Perhaps you have become involved in some way with the will of someone who lived in California but who drafted and signed the will in another state. Before you proceed with anything, your top question may be, "Is this will from out of state legal to use in California?"
The answer is generally yes, but there can be exceptions. As with many things, prevention is the best cure. If you are moving to a new state, you should have your will done or updated in that state.
California generally says that your will is valid if you sign it and two uninterested witnesses also sign it, among other requirements. (You can also handwrite your will, called a holographic will, and sign it with no witnesses needed.)
If the out-of-state will has no statement saying that the witnesses swear to having been present to watch the person sign and that he or she was mentally competent to do so and under no duress, these witnesses may need to be found. If you cannot locate them or they have died, that could present a problem. This kind of will is a self-proving will, and they can help the probate process go much more smoothly in California.

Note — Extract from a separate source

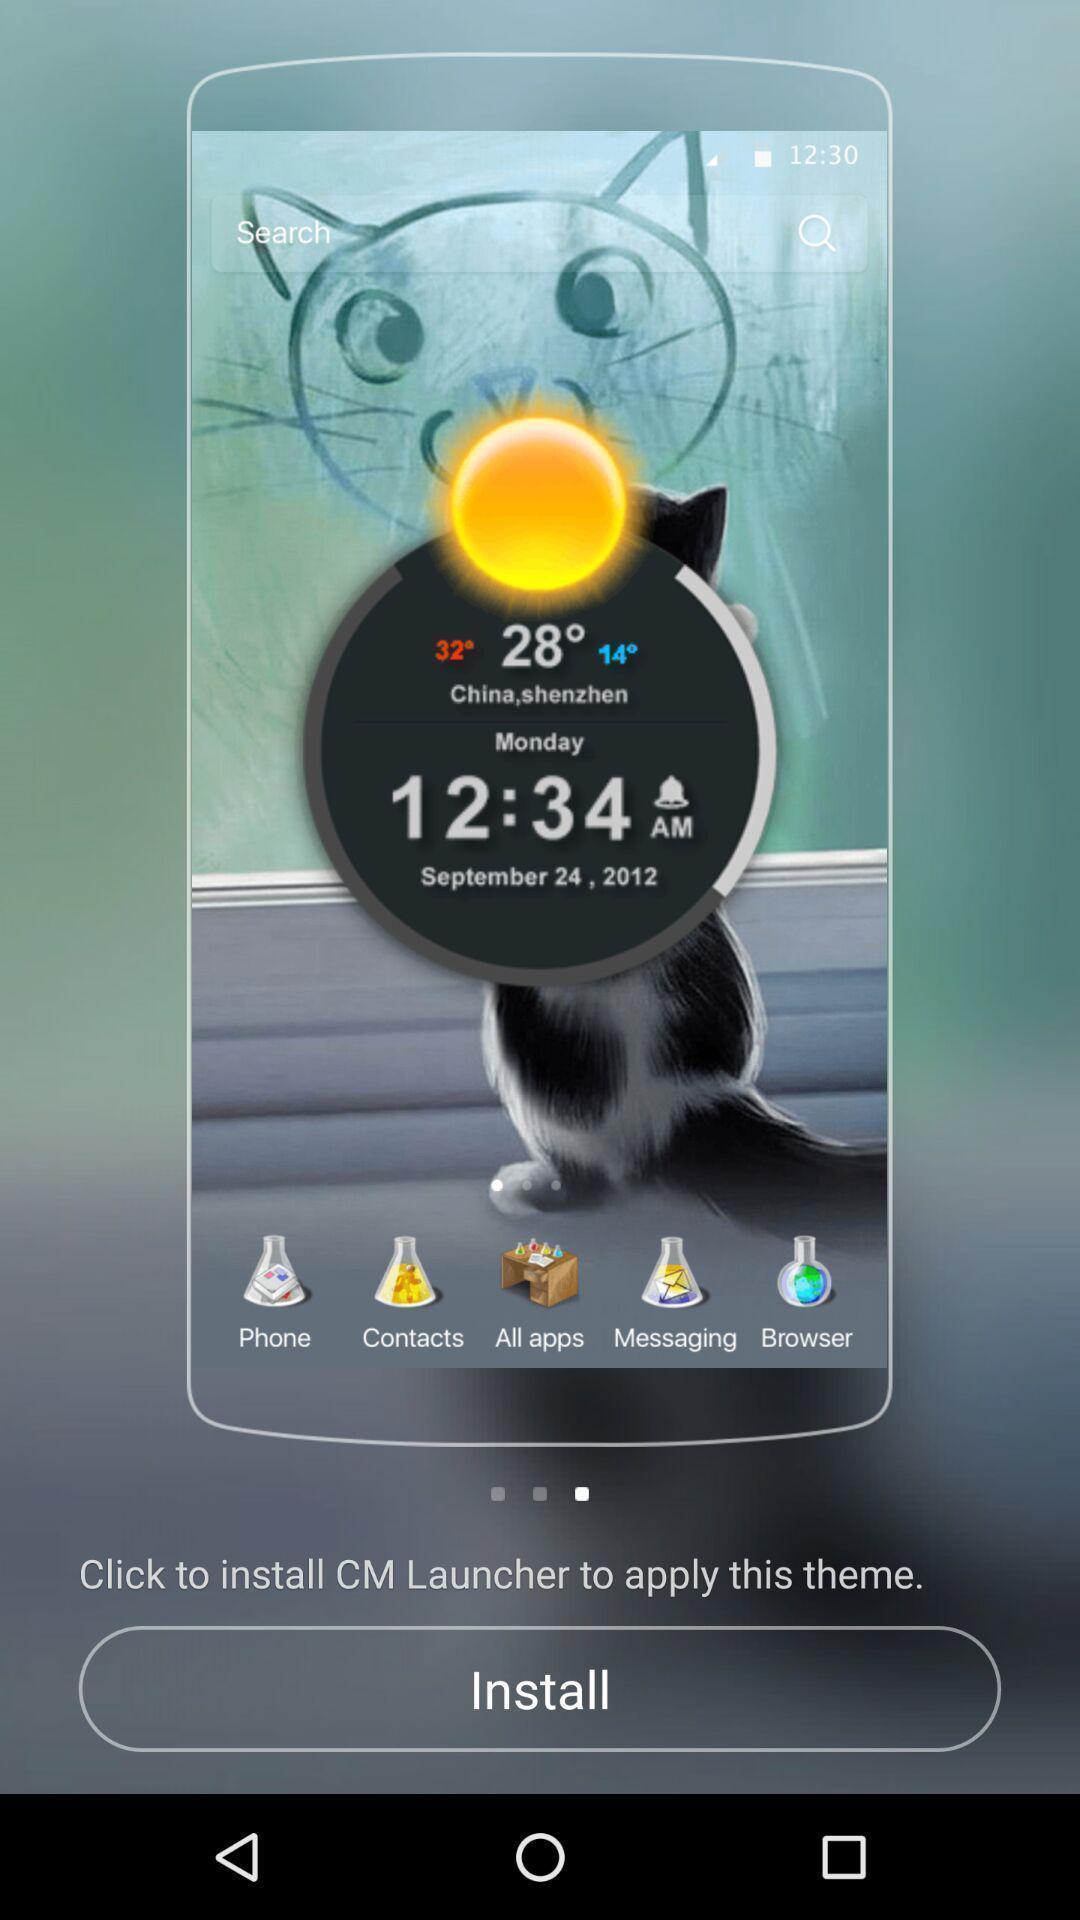What can you discern from this picture? Screen showing the welcome page of launcher.

Near the ends of their lives, many people are taken care of by caregivers and want to recognize them with bequests in their wills. However, California law, for the most part, requires that an independent attorney should review any will that contains this provision. If the person leaving the will came from another state and has such a bequest, this part of the will may not hold up under California law. Thus, a very important wish of a deceased person might not be carried out.
The same principle applies to fiduciaries of the person writing the will too, not just his or her caregivers.
If you do not properly make or sign your will under the laws of whatever state you wrote it in, then it may be invalid in California as well.